Any change that occurs to the variables under test are useful, and therefore, I recommend that at the start of the test, the analyst should try to differentiate variables as much as possible to arrive at conclusive decision on what the direction the test should take. For example, when the company has the website that has both yellow and green colors and intends to optimize the Ads, it should not start the process by carrying out A/B test through switching between the yellow tones. Rather the process should begin by testing the color that work best between yellow and green.
Secondly, I would recommend that the analysist should not put a limit of the number of tests he performs. The analyst can improve the result by carrying out many tests to determine with high level of certainty the best element. The analysist should not base his conclusion on the first test. Rather it should be based on critical analysis of various successive tests. In additional before deciding on the element, the analysist should ask questions such as, is the test effectively done?

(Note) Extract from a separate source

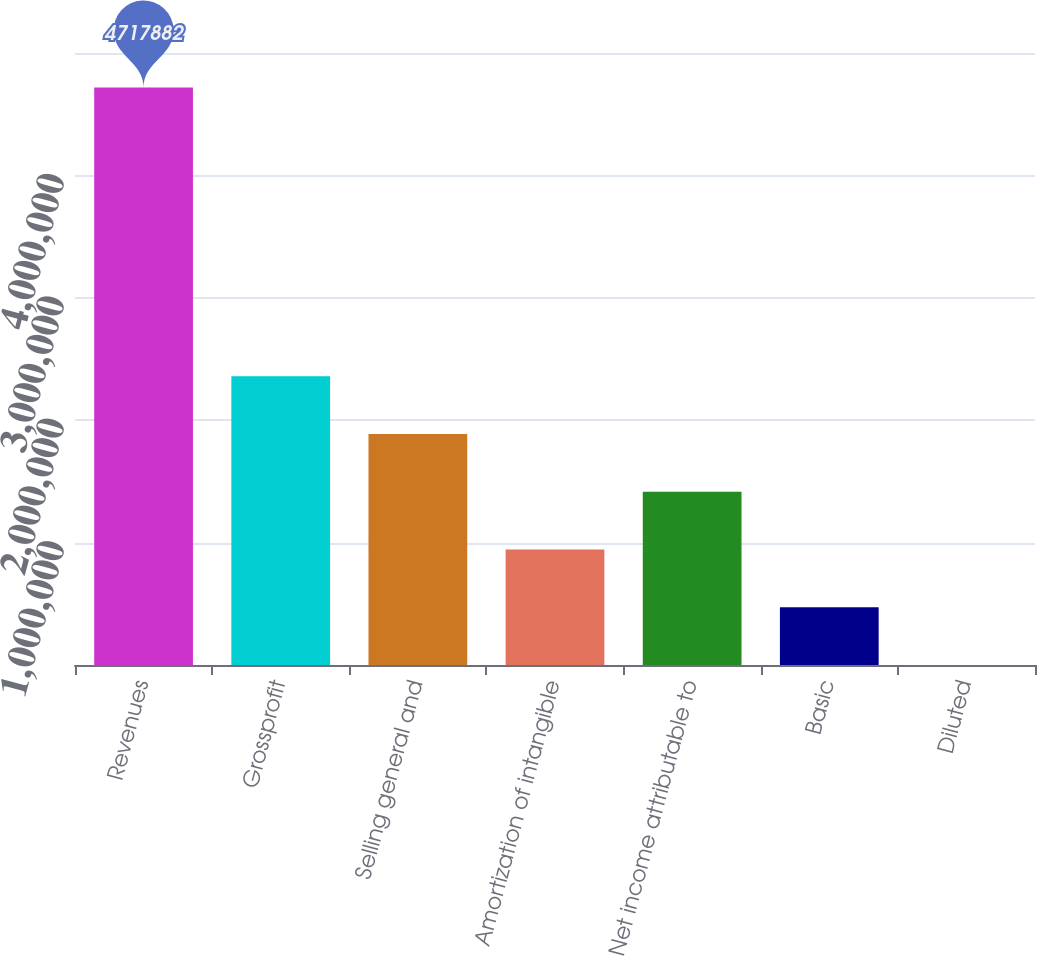Convert chart to OTSL. <chart><loc_0><loc_0><loc_500><loc_500><bar_chart><fcel>Revenues<fcel>Grossprofit<fcel>Selling general and<fcel>Amortization of intangible<fcel>Net income attributable to<fcel>Basic<fcel>Diluted<nl><fcel>4.71788e+06<fcel>2.35894e+06<fcel>1.88715e+06<fcel>943578<fcel>1.41537e+06<fcel>471789<fcel>1.41<nl></chart>

Has the test managed to improve the website? After confirming these questions, the analyst can go on make conclusion. Besides, during the process, the analysts observe inquisitive behavior trends.
Appropriate observation of A/B trend behavior helps the analyst to determine the improvements in the tests. The method is also a quantitative approach that measures and improve understanding the behaviors patterns and help in developing solutions to problems facing the effectiveness. Lastly, the analysts should not alter the data and the results since they are the key elements for improving the platform.